Note, while you have deleted the table from Unity Catalog, the underlying file system may still have the files (i.e., check the /tmp/uc/my_table/ folder).

Interact with the Unity Catalog UI

UC UI

To use the Unity Catalog UI, start a new terminal and ensure you have already started the UC server (e.g., ./bin/start-uc-server)

!!! warning "Prerequisites" The Unity Catalog UI requires both Node and Yarn.

To start the UI locally, run the following commands to start yarn

cd /ui
yarn install
yarn start

Manage models in Unity Catalog using MLflow

Unity Catalog supports the management and governance of ML models as securable assets. Starting with MLflow 2.16.1, MLflow offers integrated support for using Unity Catalog as the backing resource for the MLflow model registry.
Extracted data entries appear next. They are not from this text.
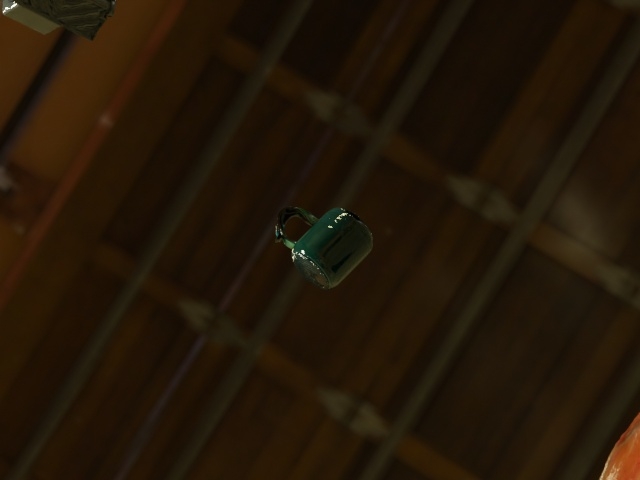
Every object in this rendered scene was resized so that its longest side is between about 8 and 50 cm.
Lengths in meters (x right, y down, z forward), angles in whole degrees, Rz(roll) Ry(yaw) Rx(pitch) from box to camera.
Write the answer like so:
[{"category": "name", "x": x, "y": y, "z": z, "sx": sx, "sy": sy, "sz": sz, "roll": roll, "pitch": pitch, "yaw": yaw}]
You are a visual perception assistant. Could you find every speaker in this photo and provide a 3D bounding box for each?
[{"category": "speaker", "x": 0.000, "y": 0.002, "z": 1.962, "sx": 0.075, "sy": 0.094, "sz": 0.060, "roll": -44, "pitch": -43, "yaw": -22}]

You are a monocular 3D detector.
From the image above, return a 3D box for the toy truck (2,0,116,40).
[{"category": "toy truck", "x": -0.190, "y": -0.236, "z": 1.376, "sx": 0.083, "sy": 0.092, "sz": 0.192, "roll": 25, "pitch": -125, "yaw": -44}]

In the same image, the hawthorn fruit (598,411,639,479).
[{"category": "hawthorn fruit", "x": 0.160, "y": 0.107, "z": 0.742, "sx": 0.128, "sy": 0.128, "sz": 0.128, "roll": -55, "pitch": -11, "yaw": -17}]

What this means is that with the MLflow client, you will be able to interact directly with your Unity Catalog service for the creation and access of registered models.

Setup MLflow for usage with Unity Catalog

In your desired development environment, install MLflow 2.16.1 or higher:

pip install mlflow

The installation of MLflow includes the MLflow CLI tool, so you can start a local MLflow server with UI by running the command below in your terminal:

mlflow ui

It will generate logs with the IP address, for example:

[2023-10-25 19:39:12 -0700] [50239] [INFO] Starting gunicorn 20.1.0
[2023-10-25 19:39:12 -0700] [50239] [INFO] Listening at: http://127.0.0.1:5000 (50239)
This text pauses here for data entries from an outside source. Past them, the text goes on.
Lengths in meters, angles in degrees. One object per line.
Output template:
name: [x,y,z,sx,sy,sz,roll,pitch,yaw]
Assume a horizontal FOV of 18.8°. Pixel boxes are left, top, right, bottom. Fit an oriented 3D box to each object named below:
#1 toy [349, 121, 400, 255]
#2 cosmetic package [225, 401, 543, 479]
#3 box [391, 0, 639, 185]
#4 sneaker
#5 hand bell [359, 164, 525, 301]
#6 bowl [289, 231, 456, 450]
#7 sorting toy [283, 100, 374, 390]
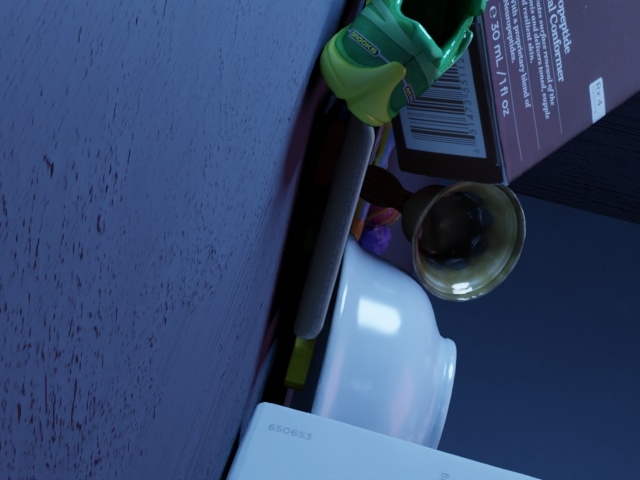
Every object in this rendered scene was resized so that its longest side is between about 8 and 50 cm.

Next, from within a python script or shell, import MLflow and set the tracking URI and the registry URI.

import mlflow

mlflow.set_tracking_uri("http://127.0.0.1:5000")
mlflow.set_registry_uri("uc:http://127.0.0.1:8080")

At this point, your MLflow environment is ready for use with the newly started MLflow tracking server and the Unity Catalog server acting as your model registry.

Train your model and register it into Unity Catalog

You can quickly train a test model and validate that the MLflow/Unity catalog integration is fully working.

import os
from sklearn import datasets
from sklearn.ensemble import RandomForestClassifier
from sklearn.model_selection import train_test_split
import pandas as pd

X, y = datasets.load_iris(return_X_y=True, as_frame=True)
X_train, X_test, y_train, y_test = train_test_split(X, y, test_size=0.2, random_state=42)

with mlflow.start_run():
    # Train a sklearn model on the iris dataset
    clf = RandomForestClassifier(max_depth=7)
    clf.fit(X_train, y_train)
    # Take the first row of the training dataset as the model input example.
    input_example = X_train.iloc[[0]]
    # Log the model and register it as a new version in UC.
    mlflow.sklearn.log_model(
        sk_model=clf,
        artifact_path="model",
        # The signature is automatically inferred from the input example and its predicted output.
        input_example=input_example,
        registered_model_name="unity.default.iris",
    )

loaded_model = mlflow.pyfunc.load_model(f"models:/unity.default.iris/1")
predictions = loaded_model.predict(X_test)
iris_feature_names = datasets.load_iris().feature_names
result = pd.DataFrame(X_test, columns=iris_feature_names)
result["actual_class"] = y_test
result["predicted_class"] = predictions
result[:4]

This code snippet will create a registered model default.unity.iris and log the trained model as model version 1. It then loads the model from the Unity Catalog server, and performs batch inference on the test set using the loaded model.

The results can be seen in the Unity Catalog UI at http://localhost:3000, per the instructions in the Interact with the Unity Catalog tutorial.

UC UI models

APIs and Compatibility

  • Open API specification: See the Unity Catalog Rest API.
  • Compatibility and stability: The APIs are currently evolving and should not be assumed to be stable.